INTRODUCE/TRAIN (continued) • The most important point you need to make to every employee when you train them is the fact that there is a formalized quality management system in place, and… • Top management is committed to the future of the company, providing the necessary resources, customer satisfaction, employee empowerment, continually improving processes and ensuring quality objectives are communicated and established. • They also need to understand that now that there is a system in place. You cannot change documents, develop your own within your department, or red line without going through the procedure that represents the change, or now, change request.
HOW DOES THE QMS AFFECT ME • You are the expert in your area 8 hours per day, so your voice will be heard the loudest when it comes to making management aware of any changes that you see, or feel, are necessary (i.e., the work instruction you have been given is not written the way you are performing the task), any resources that are necessary (new equipment, equipment that needs to be replaced, broken equipment, etc). • You also need to be aware of who to go to when a situation arises such as, a discrepancy, out of date measuring device on the floor, form, or work instruction identified on a shop order, etc. • Management cannot be everywhere all day long, so they rely on employees to keep them informed of what goes on in their areas. They do not want to find out when customers or auditors come into the organization.

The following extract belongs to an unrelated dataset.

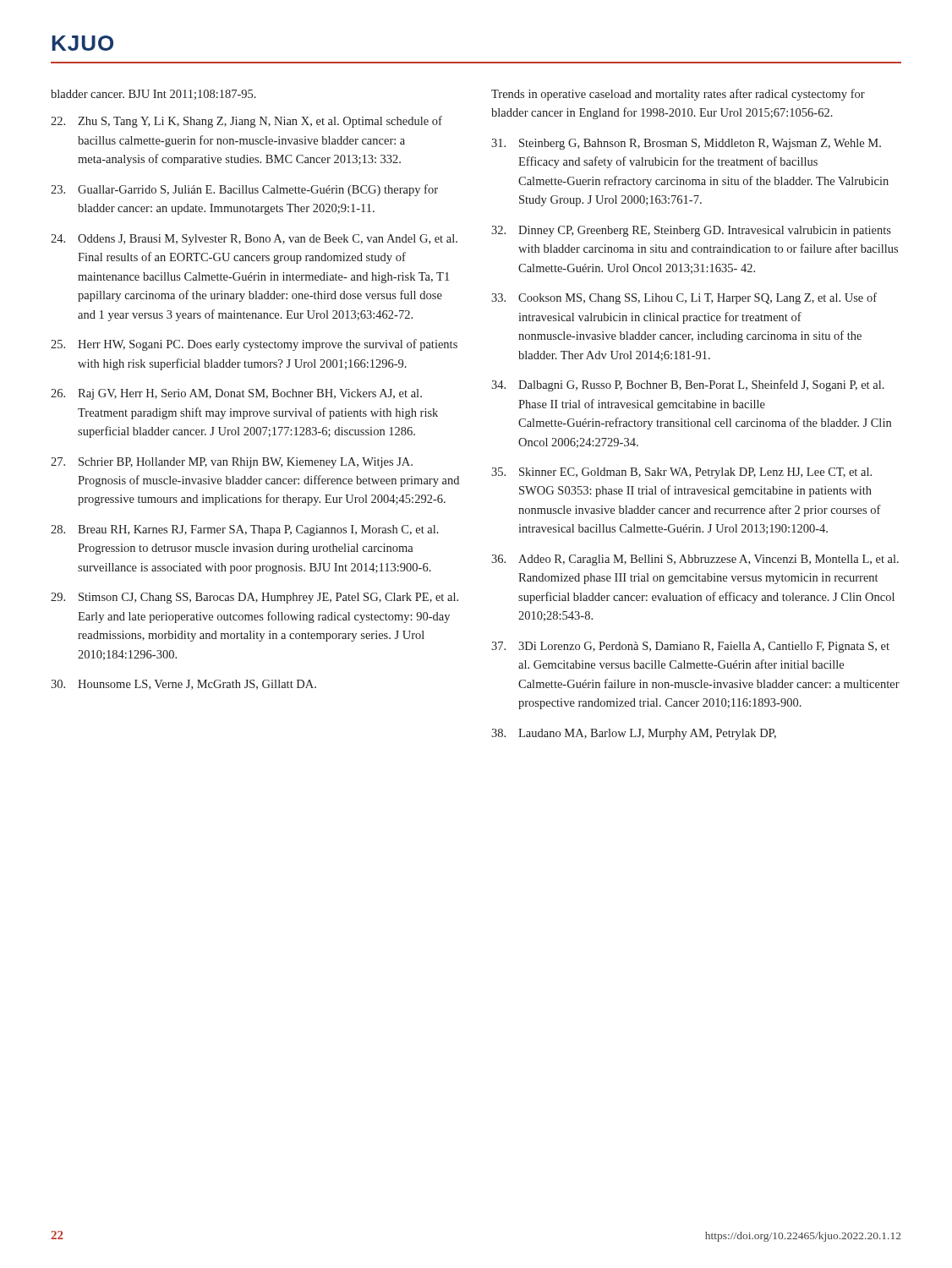
Task: Select the region starting "Trends in operative caseload and"
Action: point(696,104)

HOW DOES THE QMS (cont) • Employees hired in for specific areas are trained to level 2 or the procedures and lower level documentation (level 3) like work instructions, forms, etc., which should be referenced in the procedures. • What every employee needs to really understand is that a standard really is not meant to completely change working areas unless there is a great need for it (determined by discrepancies, poor productivity, inconsistent output, etc). This is left up to the employees to be honest about what goes on in their areas and members of management, the employees, and quality to determine what type of changes are necessary. • Formalizing a system brings uniformity, historical or objective evidence, consistent training results and continual improvement.
HOW DOES THE QMS (cont) • Remember, when there is a problem in an area, it is not looked at the employees fault. Even if it is lack of training, it is looked at as a system breakdown or lack of commitment from management. • The key to the entire Quality Management System is the ISO Representative. This person must have some of the following: the right attitude, tenacity, the drive to succeed, be very organized, able to multi-task, report to management, able to report good and bad news, stay on schedule, keep employees and customers informed, keep updated, remain excited, remain level headed, continually educated and really take pride and care about the other employees and the job they do!
WHY COMPANY’S FAIL • Lack of support from upper management, which seems to be understood and felt throughout the organization. • Choosing the wrong person to drive the system. • Purchasing a template and not customizing it to fit the organization’s business. • Becoming too lax on the maintenance of the system. • Not conducting mandatory requirements, such as internal auditing at planned intervals, management reviews as planned, not training personnel (new or cross training), not implementing procedures or forms, using forms that are not controlled, etc.